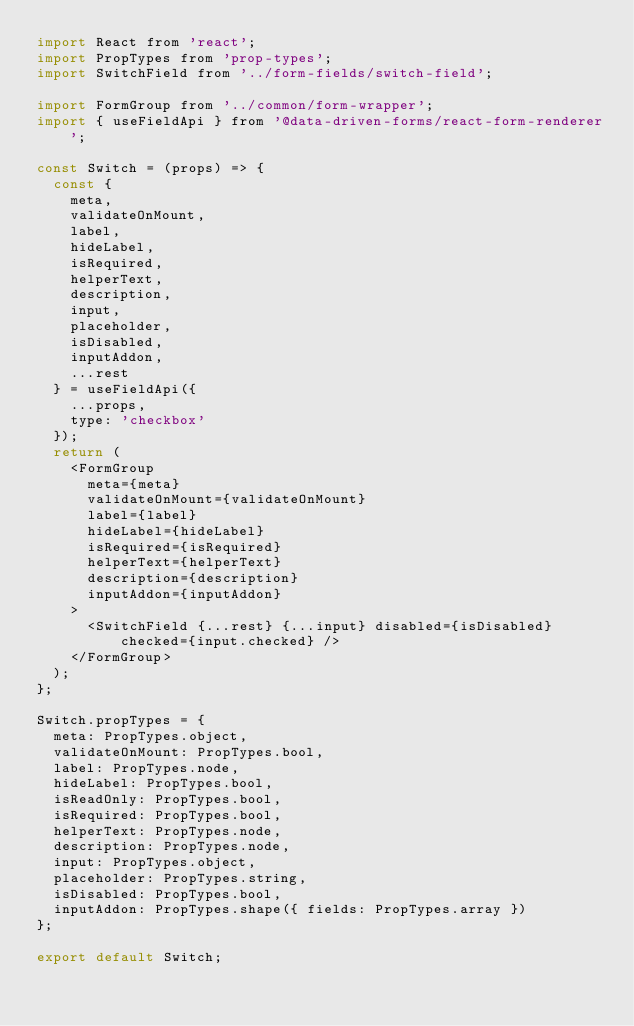Convert code to text. <code><loc_0><loc_0><loc_500><loc_500><_JavaScript_>import React from 'react';
import PropTypes from 'prop-types';
import SwitchField from '../form-fields/switch-field';

import FormGroup from '../common/form-wrapper';
import { useFieldApi } from '@data-driven-forms/react-form-renderer';

const Switch = (props) => {
  const {
    meta,
    validateOnMount,
    label,
    hideLabel,
    isRequired,
    helperText,
    description,
    input,
    placeholder,
    isDisabled,
    inputAddon,
    ...rest
  } = useFieldApi({
    ...props,
    type: 'checkbox'
  });
  return (
    <FormGroup
      meta={meta}
      validateOnMount={validateOnMount}
      label={label}
      hideLabel={hideLabel}
      isRequired={isRequired}
      helperText={helperText}
      description={description}
      inputAddon={inputAddon}
    >
      <SwitchField {...rest} {...input} disabled={isDisabled} checked={input.checked} />
    </FormGroup>
  );
};

Switch.propTypes = {
  meta: PropTypes.object,
  validateOnMount: PropTypes.bool,
  label: PropTypes.node,
  hideLabel: PropTypes.bool,
  isReadOnly: PropTypes.bool,
  isRequired: PropTypes.bool,
  helperText: PropTypes.node,
  description: PropTypes.node,
  input: PropTypes.object,
  placeholder: PropTypes.string,
  isDisabled: PropTypes.bool,
  inputAddon: PropTypes.shape({ fields: PropTypes.array })
};

export default Switch;
</code> 
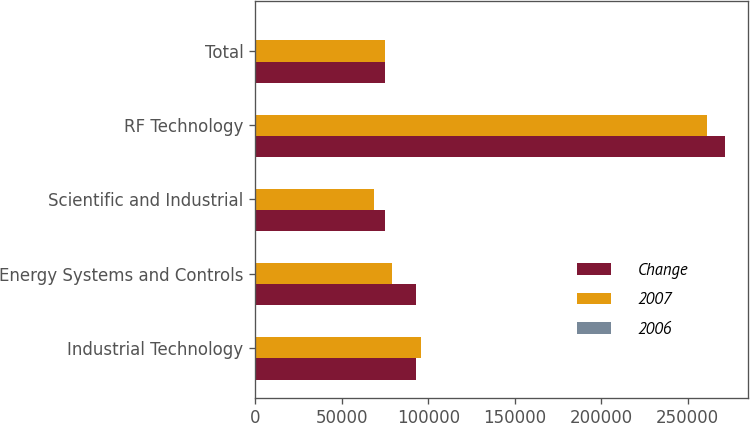Convert chart to OTSL. <chart><loc_0><loc_0><loc_500><loc_500><stacked_bar_chart><ecel><fcel>Industrial Technology<fcel>Energy Systems and Controls<fcel>Scientific and Industrial<fcel>RF Technology<fcel>Total<nl><fcel>Change<fcel>93076<fcel>93102<fcel>74834<fcel>271305<fcel>74834<nl><fcel>2007<fcel>95539<fcel>79217<fcel>68600<fcel>261243<fcel>74834<nl><fcel>2006<fcel>2.6<fcel>17.5<fcel>9.1<fcel>3.9<fcel>5.5<nl></chart> 
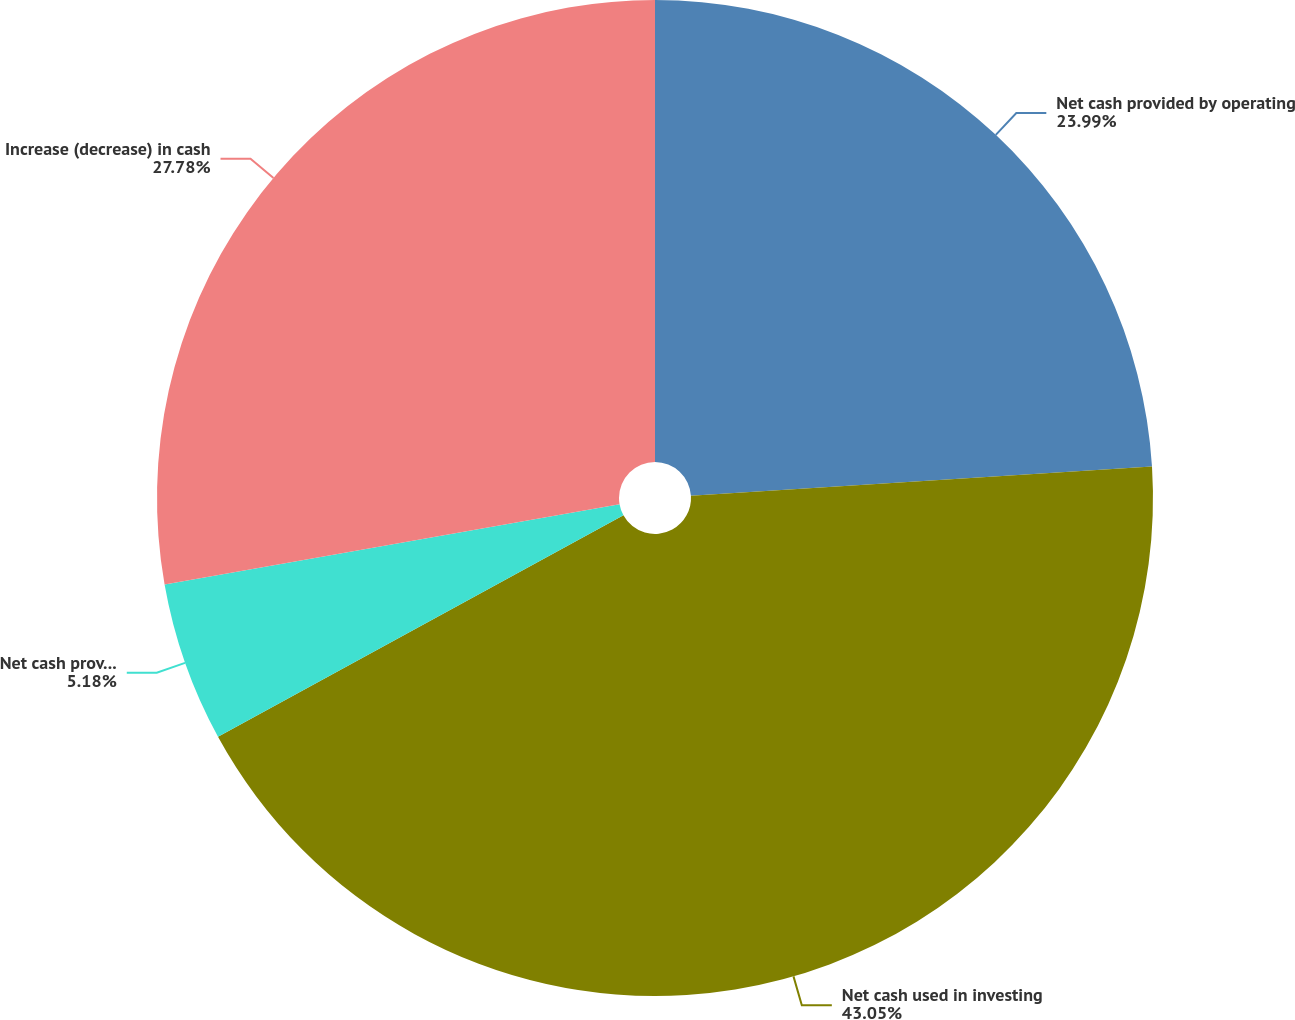Convert chart to OTSL. <chart><loc_0><loc_0><loc_500><loc_500><pie_chart><fcel>Net cash provided by operating<fcel>Net cash used in investing<fcel>Net cash provided by (used in)<fcel>Increase (decrease) in cash<nl><fcel>23.99%<fcel>43.05%<fcel>5.18%<fcel>27.78%<nl></chart> 
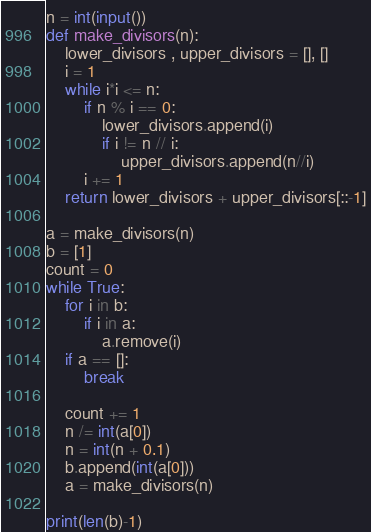<code> <loc_0><loc_0><loc_500><loc_500><_Python_>n = int(input())
def make_divisors(n):
    lower_divisors , upper_divisors = [], []
    i = 1
    while i*i <= n:
        if n % i == 0:
            lower_divisors.append(i)
            if i != n // i:
                upper_divisors.append(n//i)
        i += 1
    return lower_divisors + upper_divisors[::-1]

a = make_divisors(n)
b = [1]
count = 0
while True:
    for i in b:
        if i in a:
            a.remove(i)
    if a == []:
        break

    count += 1
    n /= int(a[0])
    n = int(n + 0.1)
    b.append(int(a[0]))
    a = make_divisors(n)
    
print(len(b)-1)</code> 
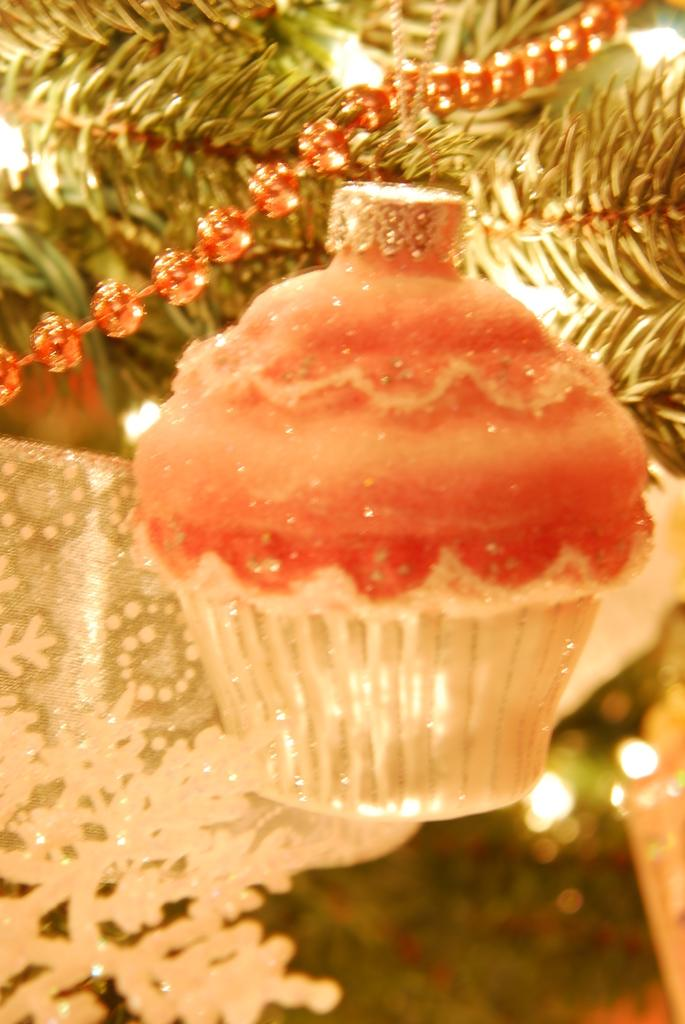What is the main subject of the image? There is a Christmas tree in the image. What is the color of the Christmas tree? The Christmas tree is green in color. Are there any additional items on the tree? Yes, there are decorative items attached to the tree. What colors are the decorative items? The decorative items are orange and white in color. What else can be seen on the Christmas tree? There are lights on the tree. How much glue is needed to attach the decorative items to the tree? There is no information about glue in the image, so it cannot be determined how much glue is needed. What is the fifth decorative item on the tree? The facts provided do not mention a specific number of decorative items, so it is impossible to determine the fifth item.

#### DESCRIPTION OF THE TASK
Would you retype every record above exactly, leaving out the pictures?

#### YOUR RESPONSE
Convert code to text. <code><loc_0><loc_0><loc_500><loc_500><_JavaScript_>import React from 'react';
import PropTypes from 'prop-types';
import SwitchField from '../form-fields/switch-field';

import FormGroup from '../common/form-wrapper';
import { useFieldApi } from '@data-driven-forms/react-form-renderer';

const Switch = (props) => {
  const {
    meta,
    validateOnMount,
    label,
    hideLabel,
    isRequired,
    helperText,
    description,
    input,
    placeholder,
    isDisabled,
    inputAddon,
    ...rest
  } = useFieldApi({
    ...props,
    type: 'checkbox'
  });
  return (
    <FormGroup
      meta={meta}
      validateOnMount={validateOnMount}
      label={label}
      hideLabel={hideLabel}
      isRequired={isRequired}
      helperText={helperText}
      description={description}
      inputAddon={inputAddon}
    >
      <SwitchField {...rest} {...input} disabled={isDisabled} checked={input.checked} />
    </FormGroup>
  );
};

Switch.propTypes = {
  meta: PropTypes.object,
  validateOnMount: PropTypes.bool,
  label: PropTypes.node,
  hideLabel: PropTypes.bool,
  isReadOnly: PropTypes.bool,
  isRequired: PropTypes.bool,
  helperText: PropTypes.node,
  description: PropTypes.node,
  input: PropTypes.object,
  placeholder: PropTypes.string,
  isDisabled: PropTypes.bool,
  inputAddon: PropTypes.shape({ fields: PropTypes.array })
};

export default Switch;
</code> 
Convert chart to OTSL. <chart><loc_0><loc_0><loc_500><loc_500><stacked_bar_chart><ecel><fcel>Industrial Technology<fcel>Energy Systems and Controls<fcel>Scientific and Industrial<fcel>RF Technology<fcel>Total<nl><fcel>Change<fcel>93076<fcel>93102<fcel>74834<fcel>271305<fcel>74834<nl><fcel>2007<fcel>95539<fcel>79217<fcel>68600<fcel>261243<fcel>74834<nl><fcel>2006<fcel>2.6<fcel>17.5<fcel>9.1<fcel>3.9<fcel>5.5<nl></chart> 
Convert chart to OTSL. <chart><loc_0><loc_0><loc_500><loc_500><pie_chart><fcel>Net cash provided by operating<fcel>Net cash used in investing<fcel>Net cash provided by (used in)<fcel>Increase (decrease) in cash<nl><fcel>23.99%<fcel>43.05%<fcel>5.18%<fcel>27.78%<nl></chart> 
<code> <loc_0><loc_0><loc_500><loc_500><_Python_>n = int(input())
def make_divisors(n):
    lower_divisors , upper_divisors = [], []
    i = 1
    while i*i <= n:
        if n % i == 0:
            lower_divisors.append(i)
            if i != n // i:
                upper_divisors.append(n//i)
        i += 1
    return lower_divisors + upper_divisors[::-1]

a = make_divisors(n)
b = [1]
count = 0
while True:
    for i in b:
        if i in a:
            a.remove(i)
    if a == []:
        break

    count += 1
    n /= int(a[0])
    n = int(n + 0.1)
    b.append(int(a[0]))
    a = make_divisors(n)
    
print(len(b)-1)</code> 
What is the main subject of the image? There is a Christmas tree in the image. What is the color of the Christmas tree? The Christmas tree is green in color. Are there any additional items on the tree? Yes, there are decorative items attached to the tree. What colors are the decorative items? The decorative items are orange and white in color. What else can be seen on the Christmas tree? There are lights on the tree. How much glue is needed to attach the decorative items to the tree? There is no information about glue in the image, so it cannot be determined how much glue is needed. What is the fifth decorative item on the tree? The facts provided do not mention a specific number of decorative items, so it is impossible to determine the fifth item.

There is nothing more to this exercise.